2022 Greece Team Selection Test, 2

Tags: geometry , circumcircle

Consider triangle $ABC$ with $AB<AC<BC$, inscribed in triangle $\Gamma_1$ and the circles $\Gamma_2 (B,AC)$ and $\Gamma_2 (C,AB)$. A common point of circle $\Gamma_2$ and $\Gamma_3$ is point $E$, a common point of circle $\Gamma_1$ and $\Gamma_3$ is point $F$ and a common point of circle $\Gamma_1$ and $\Gamma_2$ is point $G$, where the points $E,F,G$ lie on the same semiplane defined by line $BC$, that point $A$ doesn't lie in. Prove that circumcenter of triangle $EFG$ lies on circle $\Gamma_1$. Note: By notation $\Gamma (K,R)$, we mean random circle $\Gamma$ has center $K$ and radius $R$.

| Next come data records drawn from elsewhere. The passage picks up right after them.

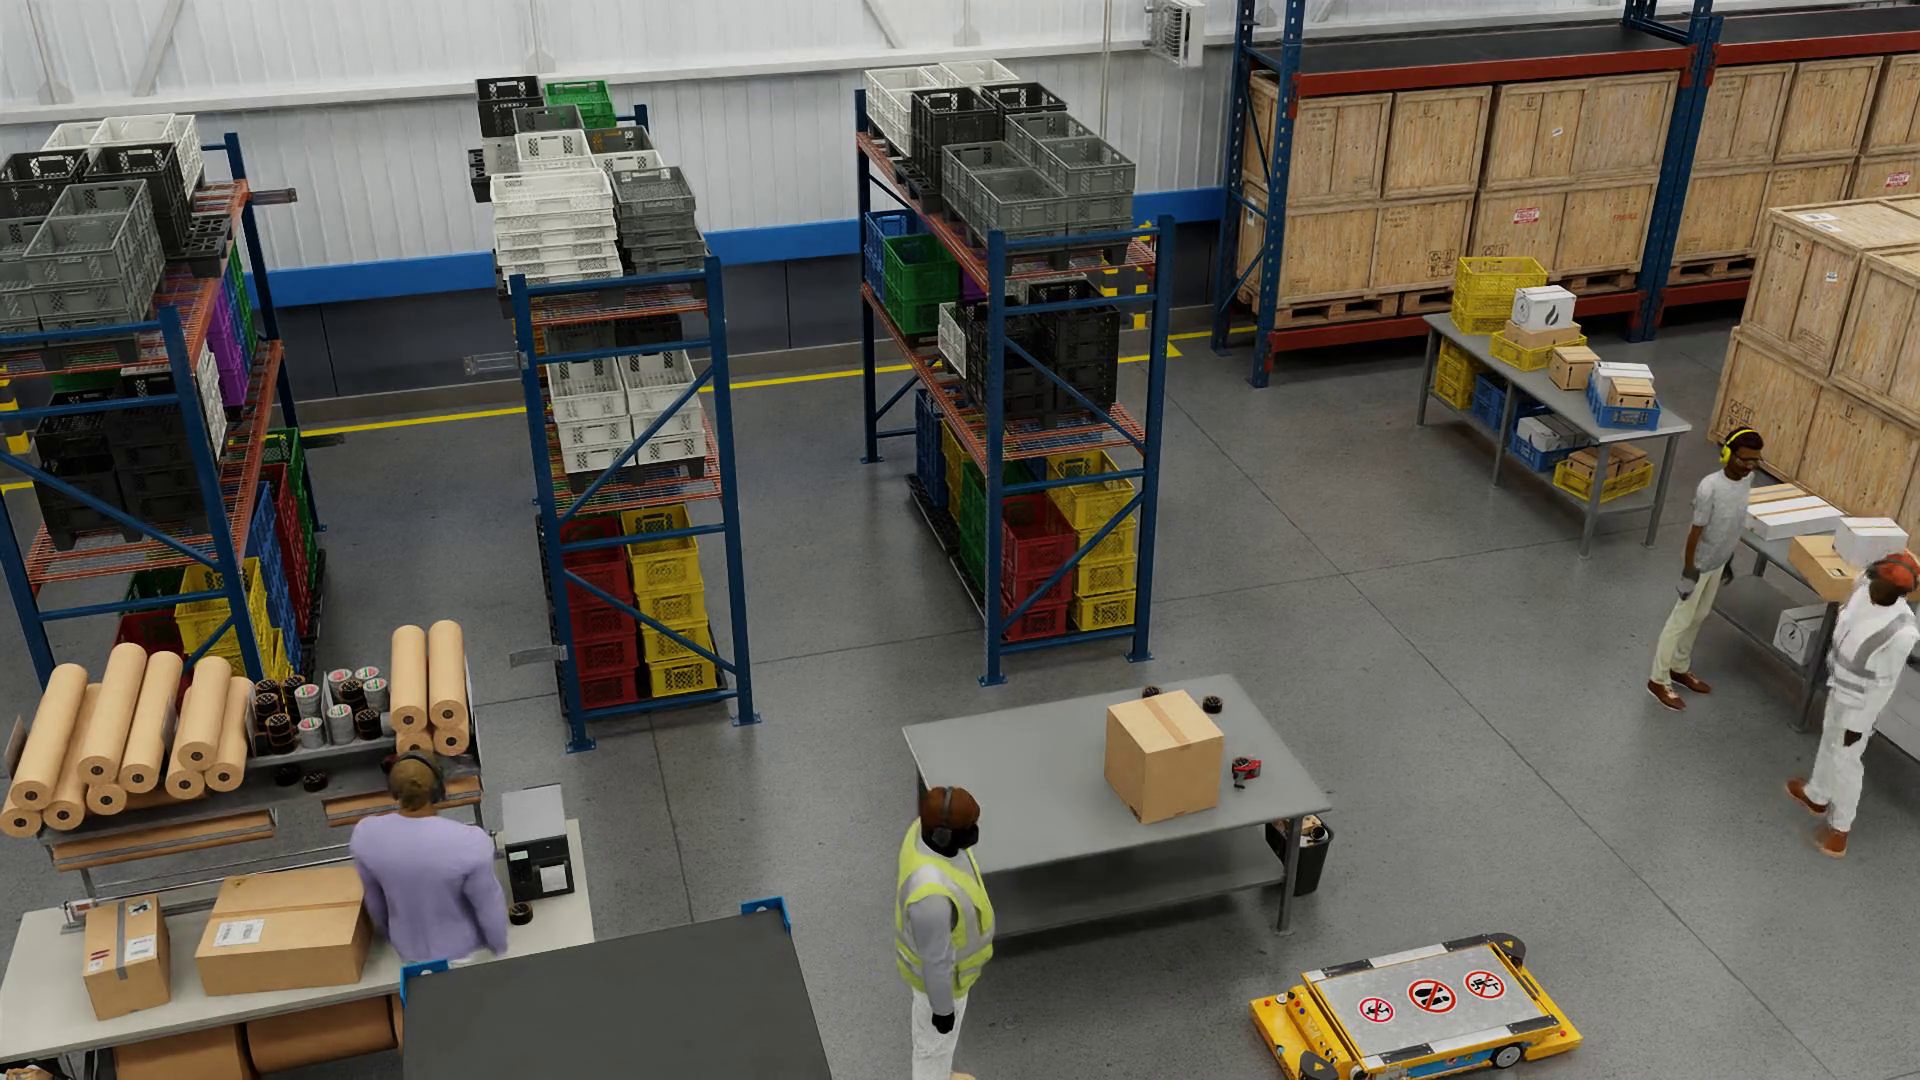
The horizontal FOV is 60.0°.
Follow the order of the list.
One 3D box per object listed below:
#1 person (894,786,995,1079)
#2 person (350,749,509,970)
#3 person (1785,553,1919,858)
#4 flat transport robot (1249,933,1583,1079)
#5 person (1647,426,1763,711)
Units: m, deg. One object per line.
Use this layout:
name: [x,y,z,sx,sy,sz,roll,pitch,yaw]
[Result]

2015 Indonesia MO Shortlist, G6

Tags: geometry , equal segments , circumcircle , perpendicular

Let $ABC$ be an acute angled triangle with circumcircle $O$. Line $AO$ intersects the circumcircle of triangle $ABC$ again at point $D$. Let $P$ be a point on the side $BC$. Line passing through $P$ perpendicular to $AP$ intersects lines $DB$ and $DC$ at $E$ and $F$ respectively . Line passing through $D$ perpendicular to $BC$ intersects $EF$ at point $Q$. Prove that $EQ = FQ$ if and only if $BP = CP$.